Question

int function(uint32_t *r, const uint32_t *a, const uint32_t *b, int n)
{
 int i;
 uint32_t ri, c=0;
 for (i = 0; i < n; i ++)
 {
   ri = a[i] + b[i] + c;
   c = ((ri < a[i]) || ((ri == a[i]) && c));
   r[i] = ri;
 }
   return ((int) c);
}

The C function given below has four arguments: r, a, and b are pointers to arrays of type uint32_t. The integer n specifies the length of these arrays (i.e. all three arrays contain the same number of elements). The return value is of type int. Can anyone could help me to understand the operation performed by this function?

No correct solution

OTHER TIPS

It is performing multi-precision addition with carry propagation. The a and b arguments are pointers to multi-precision integers with n digits each. In this case, the digits are 32-bits. The least-significant digits are in the lowest array indices.
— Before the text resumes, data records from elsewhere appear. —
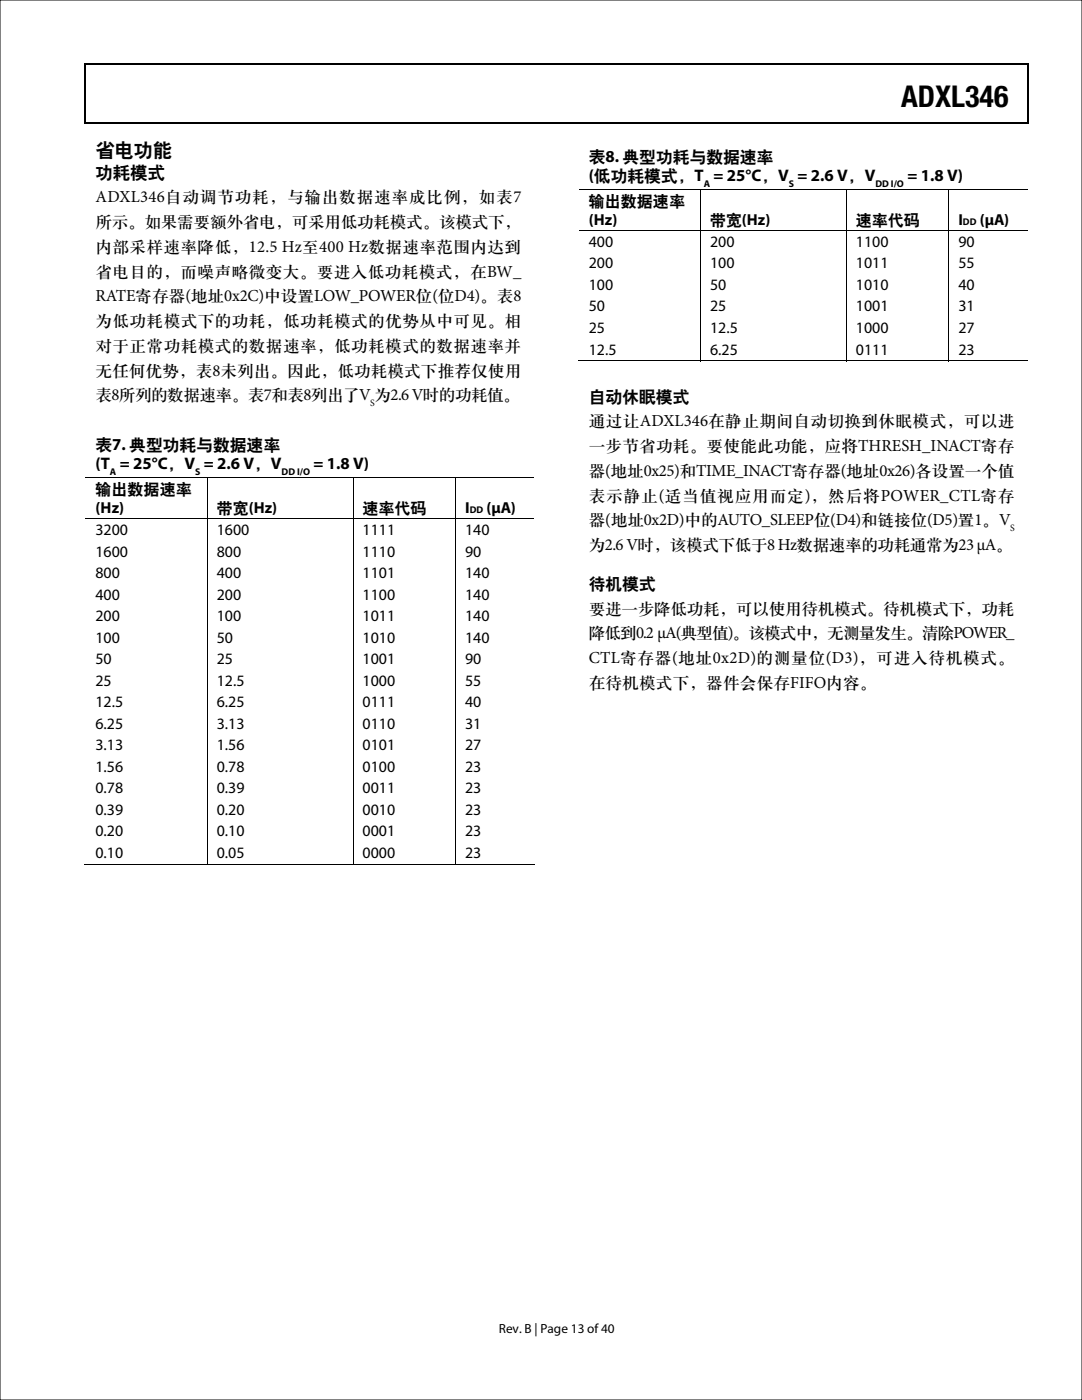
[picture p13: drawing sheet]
<svg xmlns="http://www.w3.org/2000/svg" width="216mm" height="279mm" viewBox="0 0 216 279" stroke-linecap="round" stroke-linejoin="round" font-family="sans-serif">
<defs><g id="words">
<text font-size="6" x="179.8" y="21.3">ADXL346</text>
<text font-size="3.9" fill="#080103" x="19" y="31.2">省电功能</text>
<text font-size="3.5" fill="#080103" x="19" y="35.4">功耗模式</text>
<g font-size="3.4" fill="#080103">
<text x="19" y="40.4">ADXL346自动调节功耗，与输出数据速率成比例，如表7</text>
<text x="19" y="45.3">所示。如果需要额外省电，可采用低功耗模式。该模式下，</text>
<text x="19" y="50.3">内部采样速率降低，12.5 Hz至400 Hz数据速率范围内达到</text>
<text x="19" y="55.2">省电目的，而噪声略微变大。要进入低功耗模式，在BW_</text>
<text x="19" y="60.1">RATE寄存器(地址0x2C)中设置LOW_POWER位(位D4)。表8</text>
<text x="19.1" y="65.1">为低功耗模式下的功耗，低功耗模式的优势从中可见。相</text>
<text x="19.1" y="70">对于正常功耗模式的数据速率，低功耗模式的数据速率并</text>
<text x="19.1" y="75">无任何优势，表8未列出。因此，低功耗模式下推荐仅使用</text>
<text x="19.1" y="79.9">表8所列的数据速率。表7和表8列出了V 为2.6 V时的功耗值。</text>
<text x="117.5" y="80.1">自动休眠模式</text>
<text x="117.5" y="85.1">通过让ADXL346在静止期间自动切换到休眠模式，可以进</text>
<text x="117.5" y="90">一步节省功耗。要使能此功能，应将THRESH_INACT寄存</text>
<text x="117.5" y="94.9">器(地址0x25)和TIME_INACT寄存器(地址0x26)各设置一个值</text>
<text x="117.5" y="99.9">表示静止(适当值视应用而定)，然后将POWER_CTL寄存</text>
<text x="117.5" y="104.8">器(地址0x2D)中的AUTO_SLEEP位(D4)和链接位(D5)置1。V</text>
<text x="117.5" y="109.8">为2.6 V时，该模式下低于8 Hz数据速率的功耗通常为23 μA。</text>
<text x="117.5" y="117.5">待机模式</text>
<text x="117.5" y="122.5">要进一步降低功耗，可以使用待机模式。待机模式下，功耗</text>
<text x="117.5" y="127.4">降低到0.2 μA(典型值)。该模式中，无测量发生。清除POWER_</text>
<text x="117.5" y="132.3">CTL寄存器(地址0x2D)的测量位(D3)，可进入待机模式。</text>
<text x="117.5" y="137.3">在待机模式下，器件会保存FIFO内容。</text>
</g>
<g font-size="3.3">
<text x="117.5" y="32.3">表8. 典型功耗与数据速率</text>
<text x="117.5" y="36.2">(低功耗模式，T = 25°C，V = 2.6 V，V</text>
<text x="181.1" y="36.2">= 1.8 V)</text>
<text x="19" y="89.8">表7. 典型功耗与数据速率</text>
<text x="19" y="93.7">(T = 25°C，V = 2.6 V，V</text>
<text x="62.6" y="93.7">= 1.8 V)</text>
</g>
<g font-size="3.2">
<text x="117.5" y="41.2">输出数据速率</text>
<text x="117.5" y="45">(Hz)</text>
<text x="141.7" y="44.8">带宽(Hz)</text>
<text x="170.8" y="44.8">速率代码</text>
<text x="191.2" y="44.8">I</text>
<text x="195.5" y="44.8">(µA)</text>
<text x="117.5" y="49.3">400</text>
<text x="117.5" y="53.6">200</text>
<text x="141.7" y="49.3">200</text>
<text x="141.7" y="53.6">100</text>
<text x="170.8" y="49.3">1100</text>
<text x="170.8" y="53.6">1011</text>
<text x="191.2" y="49.3">90</text>
<text x="191.2" y="53.6">55</text>
<text x="117.5" y="57.9">100</text>
<text x="141.7" y="57.9">50</text>
<text x="170.8" y="57.9">1010</text>
<text x="191.2" y="57.9">40</text>
<text x="117.5" y="62.2">50</text>
<text x="141.7" y="62.2">25</text>
<text x="170.8" y="62.2">1001</text>
<text x="191.2" y="62.2">31</text>
<text x="117.5" y="66.5">25</text>
<text x="117.5" y="70.8">12.5</text>
<text x="141.7" y="66.5">12.5</text>
<text x="141.7" y="70.8">6.25</text>
<text x="170.8" y="66.5">1000</text>
<text x="170.8" y="70.8">0111</text>
<text x="191.2" y="70.8">23</text>
<text x="191.2" y="66.5">27</text>
<text x="19" y="98.7">输出数据速率</text>
<text x="19" y="102.5">(Hz)</text>
<text x="19" y="106.8">3200</text>
<text x="43.3" y="106.8">1600</text>
<text x="43.3" y="102.3">带宽(Hz)</text>
<text x="72.3" y="106.8">1111</text>
<text x="72.4" y="102.3">速率代码</text>
<text x="92.8" y="102.3">I</text>
<text x="92.8" y="106.8">140</text>
<text x="97.1" y="102.3">(µA)</text>
<text x="19" y="111.1">1600</text>
<text x="43.3" y="111.1">800</text>
<text x="72.3" y="111.1">1110</text>
<text x="92.8" y="111.1">90</text>
<text x="19" y="115.4">800</text>
<text x="19" y="119.7">400</text>
<text x="43.3" y="115.4">400</text>
<text x="43.3" y="119.7">200</text>
<text x="72.3" y="115.4">1101</text>
<text x="72.3" y="119.7">1100</text>
<text x="92.8" y="115.4">140</text>
<text x="92.8" y="119.7">140</text>
<text x="19" y="123.9">200</text>
<text x="43.3" y="123.9">100</text>
<text x="72.3" y="123.9">1011</text>
<text x="92.8" y="123.9">140</text>
<text x="19" y="128.2">100</text>
<text x="43.3" y="128.2">50</text>
<text x="72.3" y="128.2">1010</text>
<text x="92.8" y="128.2">140</text>
<text x="19" y="132.5">50</text>
<text x="19" y="136.8">25</text>
<text x="43.3" y="132.5">25</text>
<text x="43.3" y="136.8">12.5</text>
<text x="72.3" y="132.5">1001</text>
<text x="72.3" y="136.8">1000</text>
<text x="92.8" y="132.5">90</text>
<text x="92.8" y="136.8">55</text>
<text x="19" y="141.1">12.5</text>
<text x="43.3" y="141.1">6.25</text>
<text x="72.3" y="141.1">0111</text>
<text x="92.8" y="141.1">40</text>
<text x="19" y="145.4">6.25</text>
<text x="19" y="149.7">3.13</text>
<text x="43.3" y="145.4">3.13</text>
<text x="43.3" y="149.7">1.56</text>
<text x="72.3" y="145.4">0110</text>
<text x="72.3" y="149.7">0101</text>
<text x="92.8" y="145.4">31</text>
<text x="92.8" y="149.7">27</text>
<text x="19" y="154">1.56</text>
<text x="43.3" y="154">0.78</text>
<text x="72.3" y="154">0100</text>
<text x="92.8" y="154">23</text>
<text x="19" y="158.3">0.78</text>
<text x="43.3" y="158.3">0.39</text>
<text x="72.3" y="158.3">0011</text>
<text x="92.8" y="158.3">23</text>
<text x="19" y="162.6">0.39</text>
<text x="19" y="166.9">0.20</text>
<text x="43.3" y="162.6">0.20</text>
<text x="43.3" y="166.9">0.10</text>
<text x="72.3" y="162.6">0010</text>
<text x="72.3" y="166.9">0001</text>
<text x="92.8" y="162.6">23</text>
<text x="92.8" y="166.9">23</text>
<text x="19" y="171.2">0.10</text>
<text x="43.3" y="171.2">0.05</text>
<text x="72.3" y="171.2">0000</text>
<text x="92.8" y="171.2">23</text>
</g>
<text font-size="2.6" x="99.5" y="266">Rev. B | Page 13 of 40</text>
<g font-size="2">
<text x="140.4" y="37.3">A</text>
<text x="157.4" y="37.3">S</text>
<text x="174.7" y="37.3">DD I/O</text>
<text x="21.9" y="94.8">A</text>
<text x="38.9" y="94.8">S</text>
<text x="56.2" y="94.8">DD I/O</text>
</g>
<g font-size="2" fill="#080103">
<text x="73.9" y="81">S</text>
<text x="201.5" y="105.9">S</text>
</g>
<g font-size="1.9">
<text x="192.2" y="45">DD</text>
<text x="93.7" y="102.5">DD</text>
</g>
</g></defs>
<path d="M16.9 12.7h.2v1h-.2zM205.1 12.7h.2v1h-.2zM205.1 12.7h.2v.3h-.2zM82.3 24.4h.2v.3h-.2zM205.1 24.4h.2v.3h-.2z" fill="#000"/>
<path d="M16.9 12.8h188.2M17 13.7v11M205.2 13.7v11M16.9 24.5h188.2" fill="none" stroke="#000" stroke-width=".25"/>
<g fill="none" stroke="#000" stroke-width=".2">
<path d="M115.6 37.9h89.4M139.8 38v8M168.9 38v8M189.3 38v8M115.6 46.1h89.4M139.8 46.2v25.9M168.9 46.2v25.9M189.3 46.2v25.9M115.3 72h24.4M139.9 72h28.9M169 72h20.3M189.4 72h15.7"/>
<path d="M17.1 95.4h89.5M41.4 95.5v8M70.4 95.5v8M90.9 95.5v8M17.1 103.6h89.5M41.4 103.6v69M70.4 103.6v69M90.9 103.6v69M16.9 172.5h24.4M41.4 172.5h29M70.5 172.5h20.3M91 172.5h15.7"/>
</g>
<path d="M0 0h215.9v279.4h-215.9z" fill="none" stroke="#0b0205" stroke-width=".2"/>
<use href="#words"/>
</svg>

The inputs are added, and the result is placed into the array pointed to by r (also containing n 32-bit digits). It works by adding a digit from a to a digit from b with the carry-in c, which is initialized to zero. A carry out is detected when the resulting digit is less than one of the input digits, or is equal to one of the digits when the carry-in is 1. The return value is the carry-out from the whole operation.

Imagine we are adding with base-10 digits. If we compute 9+9+0 mod 10, we get 8. Since 8 is less than 9, we infer that there must have been a carry-out. If we compute 9+9+1 modulo 10, we get 9; we infer a carry-out because the carry-in was set. If we compute 9+0+0, we get 9, but there was no carry-out because carry-in was 0.

Over each element of the loop, a temporary variable stores the sum of two corresponding elements in a and b, and adds 1 if a flag is set. Then the flag is set when the result is less than the element in a, and reset if it is greater. This result is stored in a new array. Obviously, we can see that the result is less (greater) than the element in a if b[i] + c < 0 (>). However, both indices must be positive; if the sum of the three addends total less than one of them, then there's a wraparound. The variable c, therefore, holds whether the addition overflowed, and it is equivalent to carrying a 1 to the next pair of elements. Therefore, this function adds the arbitrary-precision unsigned numbers a and b (represented as little-endian arrays), copies the result to r, and returns whether an overflow exists.